Reading times estimates in Pandoc Lua

Recently, Abinav posted an article on how to estimate reading time in Pandoc-based blogs, titled "Reading Time Estimates for Pandoc Based Blog Generators".

But somehow, he only included Haskell-powered blogs in his definition of "Pandoc-based"!

My Lua-powered Pandoc-based blog begs to differ! ~~Such debasement of terms will not be left unchecked! 😂~~

^Non-wikimedian protesting A person holds a sign "Pandoc Lua's Pandoc too" at a gathering labeled "Pandoc convention" in front of a speaker presenting "Estimating reading time in Haskell" — Non-wikimedian protesting
A person holds a sign "Pandoc Lua's Pandoc too" at a gathering labeled "Pandoc convention" in front of a speaker presenting "Estimating reading time in Haskell"

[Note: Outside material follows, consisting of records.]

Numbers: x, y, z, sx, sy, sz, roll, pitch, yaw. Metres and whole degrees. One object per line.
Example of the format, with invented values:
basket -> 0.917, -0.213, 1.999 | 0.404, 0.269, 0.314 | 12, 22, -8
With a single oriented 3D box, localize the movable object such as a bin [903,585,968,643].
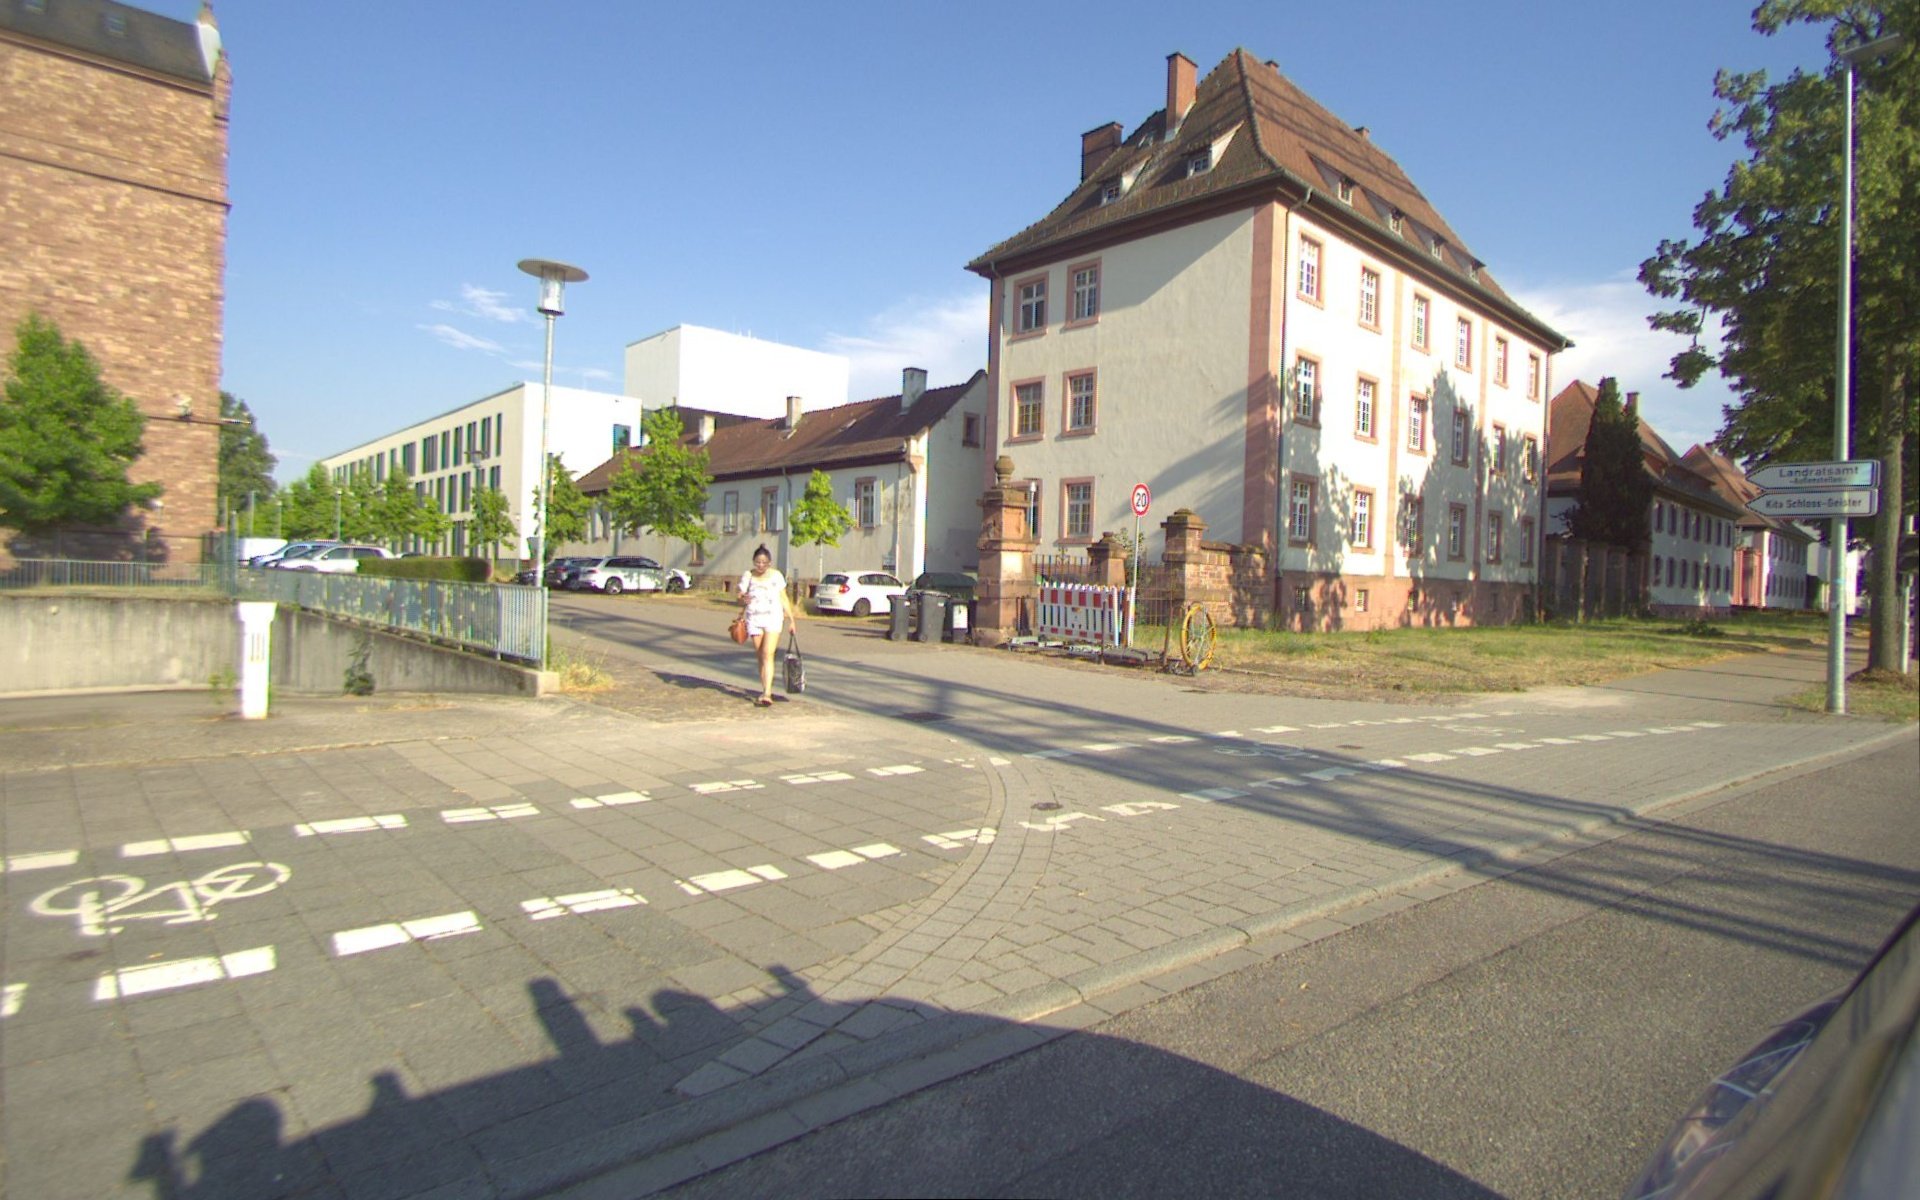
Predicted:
movable object such as a bin -> -0.493, 0.261, 20.028 | 0.920, 1.105, 0.987 | -1, 0, -32

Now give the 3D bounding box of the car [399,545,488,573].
car -> -33.784, -2.622, 66.238 | 4.886, 1.734, 1.996 | -1, 1, -42

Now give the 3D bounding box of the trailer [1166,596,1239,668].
trailer -> 3.869, 0.486, 16.110 | 1.245, 1.080, 0.483 | -1, 0, -40

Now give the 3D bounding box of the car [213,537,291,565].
car -> -45.299, -3.114, 64.807 | 3.930, 1.638, 1.997 | -1, 1, -41

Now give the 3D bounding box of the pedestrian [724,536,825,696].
pedestrian -> -1.981, 0.159, 10.825 | 0.713, 1.631, 0.778 | -1, 0, 43

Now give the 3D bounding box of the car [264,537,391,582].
car -> -24.509, -1.542, 39.272 | 3.930, 1.638, 1.997 | -1, 1, -41

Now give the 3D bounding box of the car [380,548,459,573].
car -> -40.305, -2.913, 75.564 | 4.886, 1.734, 1.996 | -1, 1, -42

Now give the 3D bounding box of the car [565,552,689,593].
car -> -14.860, -1.216, 45.275 | 4.886, 1.734, 1.996 | -1, 1, -42

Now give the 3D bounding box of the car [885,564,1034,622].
car -> 0.032, -0.208, 27.602 | 3.935, 1.471, 1.792 | -1, 1, -44

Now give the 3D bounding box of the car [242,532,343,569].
car -> -32.614, -2.382, 49.464 | 3.930, 1.638, 1.997 | -1, 1, -41

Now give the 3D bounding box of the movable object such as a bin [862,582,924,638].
movable object such as a bin -> -1.399, 0.193, 20.915 | 0.920, 1.105, 0.987 | -1, 0, -32

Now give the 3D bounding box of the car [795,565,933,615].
car -> -2.967, -0.332, 31.700 | 3.935, 1.471, 1.995 | -1, 1, -44

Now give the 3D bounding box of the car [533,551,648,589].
car -> -17.919, -1.445, 49.216 | 4.886, 1.734, 1.996 | -1, 1, -42

In protest, I have modified my website to display a words count for all blog articles, which you can now see live on my Blog page.

Lua filter code

The filter code I needed to count the words and add that to the document's metadata is delightfully short:

Pass the document through pandoc.utils.stringify to turn it into a string
Split the string into words with string.gmatch
Count up the words
Optional: calculate reading time

local wpm = 220
function Pandoc(doc)
  local word_count = 0
  local text = pandoc.utils.stringify(doc.blocks)
  for w in text:gmatch('[^ .,?!\n\t()—%-]+') do
    word_count = word_count + 1
  end
  doc.meta.word_count = word_count
  doc.meta.reading_time_string = string.format('%.1f min', word_count / wpm)
end

In this case, I have opted to count words as sequences of characters that are not spaces or basic punctuation, since Lua's gmatch doesn't have great Unicode support, and I do have pages written in Bulgarian/Cyrillic. In particular, the script above counts it's as one word and not two.

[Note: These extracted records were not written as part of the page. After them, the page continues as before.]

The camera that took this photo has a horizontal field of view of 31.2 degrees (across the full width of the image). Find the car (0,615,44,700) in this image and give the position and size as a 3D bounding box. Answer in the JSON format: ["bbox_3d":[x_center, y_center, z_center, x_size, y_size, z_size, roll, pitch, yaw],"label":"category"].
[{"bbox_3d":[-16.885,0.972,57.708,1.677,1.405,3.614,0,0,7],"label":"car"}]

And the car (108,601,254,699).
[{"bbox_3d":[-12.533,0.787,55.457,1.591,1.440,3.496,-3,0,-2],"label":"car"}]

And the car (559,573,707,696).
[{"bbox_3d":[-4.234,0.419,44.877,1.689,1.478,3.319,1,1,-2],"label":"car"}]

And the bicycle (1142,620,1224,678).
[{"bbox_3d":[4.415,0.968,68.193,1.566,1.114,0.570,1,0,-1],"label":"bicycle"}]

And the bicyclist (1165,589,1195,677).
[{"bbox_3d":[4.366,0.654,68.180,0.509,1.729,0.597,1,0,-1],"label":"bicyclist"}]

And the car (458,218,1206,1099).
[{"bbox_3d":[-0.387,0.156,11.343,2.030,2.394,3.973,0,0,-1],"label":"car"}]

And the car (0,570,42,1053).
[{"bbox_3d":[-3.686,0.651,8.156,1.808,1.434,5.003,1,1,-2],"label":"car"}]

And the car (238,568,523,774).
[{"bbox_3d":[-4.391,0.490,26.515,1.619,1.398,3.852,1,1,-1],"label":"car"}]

Possible optimizations complications

To squeeze an extra bit of performance by not requiring pandoc.utils.stringify to allocate extra memory to store the document as a string (and to also be able to count raw HTML blocks correctly), you can also count words per text-based block or inline, similar to how Abinav does:

function Pandoc(doc)
  local word_count = 0
  function count_words(text)
    for w in text:gmatch('[^ .,?!\n\t()—%-]+') do
      word_count = word_count + 1
    end
  end
  function count_block_or_inline_text(b)
    count_words(b.text)
  end
  function count_block_or_inline_raw(r)
    if r.format == "html" then
      count_words(r.text:gsub('<[^>]+>', ''))
    else
      count_words(r.text)
    end
  end
  doc.blocks:walk({
    CodeBlock = count_block_or_inline_text
    Str = count_block_or_inline_text
    Code = count_block_or_inline_text
    Math = count_block_or_inline_text
    RawBlock = count_block_or_inline_raw
    RawInline = count_block_or_inline_raw
  })
  doc.meta.word_count = word_count
  doc.meta.reading_time_string = string.format('%.1f min', word_count / wpm)
end

HTML tag removal is based on simply deleting sequences of characters that look like <..>, which should generally be reliable, though not as great as actually parsing the HTML.

Yet, observe that this is still waay shorter than Abinav's Haskell code (27 vs 83 lines) thanks to Pandoc's Blocks:walk 😁 dramatically drops glove on floor

Other updates

I've also changed the source code link at the bottom right of each page (next to the Netlify link) to lead directly to the markdown source of a page and not to the whole repository. Small difference, but I hope that link is marginally more useful now.

As for reading time estimates...I'd much rather see the raw word count instead—so I won't be including them for now. Plus, the code does produce double-digit estimated minutes for my longer articles, and I don't like that 😂😂

This has been my post 7 of #100DaysToOffload. My first direct reply to another blog post!